Q. Sidalee7: Can you share any tips to get through the first crap Christmas after splitting up, while making it amazing and magical for the children?
A. India: So been there, more than once. Dissemble, is the only answer. Put in an Oscar-winning performance of cheerfulness and enthusiasm. You don't say how old your children are but they will take their cue from you and from your emotional state, so just act your socks off. I don't know if the ex is likely to make an appearance at some point, or if he's their dad - but if he does, the answer again is to be almost inhumanly cheerful. Avoid silences and pointed looks like the plague - now's really not the time.
Re. amazing and magical: this is obviously completely subjective but I've found that the really important thing is not to make children feel their family unit has been fatally disrupted, which in my experience means ramping up the family stuff you do. Even if it's stuff you've never done before.
It's all little things, like cooking together, or hunkering down on the sofa with a family movie, or playing old-school board games. You want to make them think: "Things are fine, we're a unit." I think the problems start occurring when you convey the sense that you're a unit with a part missing, which communicates itself to children, which makes them feel unhappy and anxious.
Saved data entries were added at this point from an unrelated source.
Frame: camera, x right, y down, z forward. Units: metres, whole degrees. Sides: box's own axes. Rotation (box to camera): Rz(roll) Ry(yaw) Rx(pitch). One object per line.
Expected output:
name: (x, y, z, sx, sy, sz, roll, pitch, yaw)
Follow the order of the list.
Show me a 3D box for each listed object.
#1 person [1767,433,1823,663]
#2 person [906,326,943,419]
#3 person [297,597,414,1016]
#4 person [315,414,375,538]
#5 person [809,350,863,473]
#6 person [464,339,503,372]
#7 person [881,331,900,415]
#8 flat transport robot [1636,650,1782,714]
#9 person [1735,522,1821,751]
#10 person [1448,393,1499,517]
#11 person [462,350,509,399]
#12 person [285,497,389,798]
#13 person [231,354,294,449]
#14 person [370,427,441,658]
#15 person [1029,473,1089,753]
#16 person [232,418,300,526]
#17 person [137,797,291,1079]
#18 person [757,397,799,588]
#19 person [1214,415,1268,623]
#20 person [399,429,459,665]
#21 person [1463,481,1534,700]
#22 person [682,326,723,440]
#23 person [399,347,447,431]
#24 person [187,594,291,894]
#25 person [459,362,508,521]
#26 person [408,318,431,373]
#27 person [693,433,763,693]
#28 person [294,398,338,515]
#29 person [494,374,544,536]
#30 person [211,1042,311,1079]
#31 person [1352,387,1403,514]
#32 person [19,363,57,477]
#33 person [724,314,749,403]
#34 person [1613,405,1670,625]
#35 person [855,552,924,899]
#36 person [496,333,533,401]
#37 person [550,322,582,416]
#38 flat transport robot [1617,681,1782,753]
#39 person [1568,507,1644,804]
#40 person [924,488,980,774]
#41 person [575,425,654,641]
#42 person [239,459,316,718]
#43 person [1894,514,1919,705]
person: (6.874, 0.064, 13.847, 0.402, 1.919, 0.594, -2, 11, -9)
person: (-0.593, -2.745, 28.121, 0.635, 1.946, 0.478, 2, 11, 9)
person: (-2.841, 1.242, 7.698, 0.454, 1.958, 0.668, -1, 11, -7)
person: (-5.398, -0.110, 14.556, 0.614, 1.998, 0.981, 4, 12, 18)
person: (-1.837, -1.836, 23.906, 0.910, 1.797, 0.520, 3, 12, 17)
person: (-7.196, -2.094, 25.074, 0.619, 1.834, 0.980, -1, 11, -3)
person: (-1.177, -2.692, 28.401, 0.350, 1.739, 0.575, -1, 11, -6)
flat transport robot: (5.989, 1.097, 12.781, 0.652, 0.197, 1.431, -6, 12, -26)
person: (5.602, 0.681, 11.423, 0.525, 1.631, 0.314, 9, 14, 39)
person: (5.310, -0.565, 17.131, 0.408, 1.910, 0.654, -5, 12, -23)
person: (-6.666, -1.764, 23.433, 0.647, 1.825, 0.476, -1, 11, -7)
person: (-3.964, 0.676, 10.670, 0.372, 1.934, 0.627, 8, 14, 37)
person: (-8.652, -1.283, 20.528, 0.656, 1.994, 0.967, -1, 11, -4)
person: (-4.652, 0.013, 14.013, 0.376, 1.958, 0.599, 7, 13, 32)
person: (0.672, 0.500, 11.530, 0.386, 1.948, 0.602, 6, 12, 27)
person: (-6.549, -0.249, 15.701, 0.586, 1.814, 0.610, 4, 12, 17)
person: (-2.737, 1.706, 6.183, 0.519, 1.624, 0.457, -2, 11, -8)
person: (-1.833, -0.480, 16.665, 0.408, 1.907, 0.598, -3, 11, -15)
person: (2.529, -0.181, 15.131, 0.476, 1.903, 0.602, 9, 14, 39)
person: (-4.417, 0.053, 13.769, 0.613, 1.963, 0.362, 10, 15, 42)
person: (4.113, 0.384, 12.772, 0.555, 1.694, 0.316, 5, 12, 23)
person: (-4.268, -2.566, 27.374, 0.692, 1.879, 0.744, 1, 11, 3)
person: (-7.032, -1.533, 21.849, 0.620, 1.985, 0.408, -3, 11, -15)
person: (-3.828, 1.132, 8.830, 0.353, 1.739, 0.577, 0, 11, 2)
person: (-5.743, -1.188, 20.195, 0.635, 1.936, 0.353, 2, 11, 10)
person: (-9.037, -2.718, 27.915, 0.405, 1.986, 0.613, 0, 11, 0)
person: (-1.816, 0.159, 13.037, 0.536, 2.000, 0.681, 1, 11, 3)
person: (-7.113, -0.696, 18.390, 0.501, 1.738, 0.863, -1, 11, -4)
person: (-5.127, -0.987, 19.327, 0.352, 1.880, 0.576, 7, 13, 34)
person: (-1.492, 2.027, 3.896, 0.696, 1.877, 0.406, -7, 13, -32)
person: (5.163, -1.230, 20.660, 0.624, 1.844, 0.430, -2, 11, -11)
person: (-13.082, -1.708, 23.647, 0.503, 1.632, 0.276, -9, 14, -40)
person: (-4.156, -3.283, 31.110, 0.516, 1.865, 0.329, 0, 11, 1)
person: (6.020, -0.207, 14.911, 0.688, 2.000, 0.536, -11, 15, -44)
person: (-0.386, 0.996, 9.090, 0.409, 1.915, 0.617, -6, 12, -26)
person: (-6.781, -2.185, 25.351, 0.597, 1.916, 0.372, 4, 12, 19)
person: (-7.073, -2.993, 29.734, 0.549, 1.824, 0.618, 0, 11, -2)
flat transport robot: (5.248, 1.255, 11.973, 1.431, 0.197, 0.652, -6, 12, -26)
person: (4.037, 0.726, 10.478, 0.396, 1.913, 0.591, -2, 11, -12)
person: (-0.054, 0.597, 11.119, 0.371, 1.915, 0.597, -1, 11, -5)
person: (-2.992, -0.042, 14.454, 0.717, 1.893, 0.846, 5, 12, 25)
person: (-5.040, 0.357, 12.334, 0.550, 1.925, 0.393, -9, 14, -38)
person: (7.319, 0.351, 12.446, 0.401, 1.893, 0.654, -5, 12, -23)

It's very easy to give kids the impression that you're emotionally somewhere else, and I'd say that that's the one thing to avoid. If you manage that, then you're winning. It's Christmas Day, you've got presents, you've got a turkey, you're together with your kids, you love them and they love you - it'll be fine, I promise.
Q. CeliaFate: How do you get the right balance between traditionally homemade Christmas and knackered, frazzled woman on the edge?
A. India: Alcohol (joke) (kind of). And the knowledge that it's the same for women all over the country, that it's only one day and that if you relax and hold on to your wine glass, it can be the best day of the year.